The 1954 Belgian Grand Prix was a Formula One motor race held at Spa-Francorchamps on 20 June 1954. It was race 3 of 9 in the 1954 World Championship of Drivers. The 36-lap race was won by Maserati driver Juan Manuel Fangio after he started from pole position. Maurice Trintignant finished second for the Ferrari team with Fangio's teammate Stirling Moss in third.

== Background ==

The opening race of the 1954 Formula One season was held in Argentina in January and won by Juan Manuel Fangio driving a Maserati. The second race that counted towards the year's World Championship of Drivers, the 1954 Indianapolis 500, was, as in the years before, not attended by the European drivers (and won for the second time by Bill Vukovich). After the cancellation of the Dutch Grand Prix at Zandvoort, the Belgian Grand Prix was the season's first championship race on European soil, held five months after the season opener.

While most of the other drivers had competed in the various non-championship races, it was the first appearance of the season in Europe for Fangio, the championship leader. Fangio had signed with the Mercedes team for the season, but since their new car was not finished in time for the Francorchamps race, he competed in the Maserati 250F as he did at his home Grand Prix. Alongside him in the Maserati team were compatriot Onofre Marimón and Italian Sergio Mantovani, while Stirling Moss, Prince Bira and Roberto Mieres entered Maseratis for private teams.

After recovering from an accident at the Mille Miglia, 1950 World Champion Giuseppe Farina returned to the field in his Ferrari 553. The team was completed by José Froilán González, and in last year's cars Maurice Trintignant and Mike Hawthorn. Jacques Swaters entered another Ferrari for his home Grand Prix.

The field was completed by the Gordini team with their drivers Jean Behra, Paul Frère and André Pilette.
Although the newly formed Lancia team did make an entry for the Belgian Grand Prix, they withdrew, resulting in reigning World Champion Alberto Ascari missing another race of the season.

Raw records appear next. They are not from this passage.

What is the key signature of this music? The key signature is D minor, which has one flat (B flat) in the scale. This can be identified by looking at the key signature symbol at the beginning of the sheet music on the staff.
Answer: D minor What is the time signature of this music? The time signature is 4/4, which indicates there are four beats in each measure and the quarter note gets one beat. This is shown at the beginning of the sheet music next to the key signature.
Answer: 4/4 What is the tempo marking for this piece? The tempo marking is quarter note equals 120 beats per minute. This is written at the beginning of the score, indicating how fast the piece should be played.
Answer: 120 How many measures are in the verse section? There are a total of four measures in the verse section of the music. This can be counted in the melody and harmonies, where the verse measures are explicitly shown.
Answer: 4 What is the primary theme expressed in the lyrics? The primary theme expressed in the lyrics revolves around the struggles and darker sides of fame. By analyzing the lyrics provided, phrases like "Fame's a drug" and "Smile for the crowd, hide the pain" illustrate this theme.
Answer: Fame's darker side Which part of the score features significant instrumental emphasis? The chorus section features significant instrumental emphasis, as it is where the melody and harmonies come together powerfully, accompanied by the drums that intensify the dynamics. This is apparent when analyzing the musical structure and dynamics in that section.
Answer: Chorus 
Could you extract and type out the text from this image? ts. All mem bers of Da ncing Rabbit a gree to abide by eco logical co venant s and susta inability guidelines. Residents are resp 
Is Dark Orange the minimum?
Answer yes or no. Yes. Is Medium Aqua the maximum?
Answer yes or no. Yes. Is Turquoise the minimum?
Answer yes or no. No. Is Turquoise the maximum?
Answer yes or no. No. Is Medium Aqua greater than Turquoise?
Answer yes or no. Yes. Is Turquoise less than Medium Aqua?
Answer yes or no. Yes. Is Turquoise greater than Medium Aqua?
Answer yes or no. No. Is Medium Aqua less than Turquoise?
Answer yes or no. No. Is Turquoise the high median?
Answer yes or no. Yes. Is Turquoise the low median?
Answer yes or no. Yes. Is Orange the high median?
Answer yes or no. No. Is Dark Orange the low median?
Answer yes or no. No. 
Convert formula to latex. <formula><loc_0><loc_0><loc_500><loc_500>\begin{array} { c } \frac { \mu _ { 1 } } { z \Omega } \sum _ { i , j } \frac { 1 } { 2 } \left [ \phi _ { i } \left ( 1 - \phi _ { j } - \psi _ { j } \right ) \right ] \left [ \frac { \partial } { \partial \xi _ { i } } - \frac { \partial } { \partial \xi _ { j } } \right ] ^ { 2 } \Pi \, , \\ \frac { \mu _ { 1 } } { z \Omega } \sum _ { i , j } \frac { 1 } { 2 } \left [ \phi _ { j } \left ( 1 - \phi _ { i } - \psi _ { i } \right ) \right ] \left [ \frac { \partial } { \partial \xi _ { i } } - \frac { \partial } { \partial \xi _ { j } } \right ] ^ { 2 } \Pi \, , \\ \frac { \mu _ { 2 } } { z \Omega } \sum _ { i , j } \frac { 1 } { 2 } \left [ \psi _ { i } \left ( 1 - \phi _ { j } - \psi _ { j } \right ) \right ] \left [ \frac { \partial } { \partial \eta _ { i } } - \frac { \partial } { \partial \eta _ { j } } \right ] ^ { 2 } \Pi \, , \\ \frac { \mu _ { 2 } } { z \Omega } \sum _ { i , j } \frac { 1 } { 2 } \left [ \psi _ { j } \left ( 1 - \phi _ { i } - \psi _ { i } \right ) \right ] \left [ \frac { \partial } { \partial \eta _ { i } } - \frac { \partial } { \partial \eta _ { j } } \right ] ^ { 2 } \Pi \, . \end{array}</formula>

Therefore, the field at Spa-Francorchamps only consisted of 14 drivers.

== Entries ==

| Team | No | Driver | Car | Engine | Tyre |
| Belgium Ecurie Francorchamps | 02 | Belgium Jacques Swaters | Ferrari 500/Ferrari 625 F1 | Ferrari 2.5 L4 | E |
| Italy Scuderia Ferrari | 04 | Italy Giuseppe Farina | Ferrari 553 Squalo/Ferrari 625 F1 | Ferrari 2.5 L4 | P |
| 06 | Argentina José Froilán González | Ferrari 553 Squalo/Ferrari 555 Supersqualo |
| 08 | France Maurice Trintignant | Ferrari 625 F1 |
| 10 | UK Mike Hawthorn |
| France Equipe Gordini | 12 | France Jean Behra | Gordini T16 | Gordini 2.5 L6 | E |
| 16 | Belgium Paul Frère | Gordini 2.0 L6 |
| 18 | Belgium André Pilette | Gordini 2.5 L6 |
| Thailand Prince Bira | 20 | Thailand Prince Bira | Maserati 250F | Maserati 2.5 L6 | P |
| UK Equipe Moss | 22 | UK Stirling Moss | Maserati 250F | Maserati 2.5 L6 | P |
| Argentina Roberto Mieres | 24 | Argentina Roberto Mieres | Maserati A6GCM/Maserati 250F | Maserati 2.5 L6 | P |
| Italy Officine Alfieri Maserati | 26 | Argentina Juan Manuel Fangio | Maserati 250F | Maserati 2.5 L6 | P |
| 28 | Argentina Onofre Marimón |
| 30 | Italy Sergio Mantovani |
Source:

== Qualifying ==

On the first day of practice only the Ferraris made an appearance. The battle for pole position became interesting, when Juan Manuel Fangio showed up on the second day. In his Maserati he managed to pulverize his own track record (set in 1951 in the Alfa Romeo 159) and qualified fastest with a time of 4:22.1, an average speed of 119.5 mph (192.3 km/h). Behind him in second place was González who was very pleased with the improved handling of his Ferrari. Over two seconds behind him was Farina who was not satisfied at all with the car's set-up.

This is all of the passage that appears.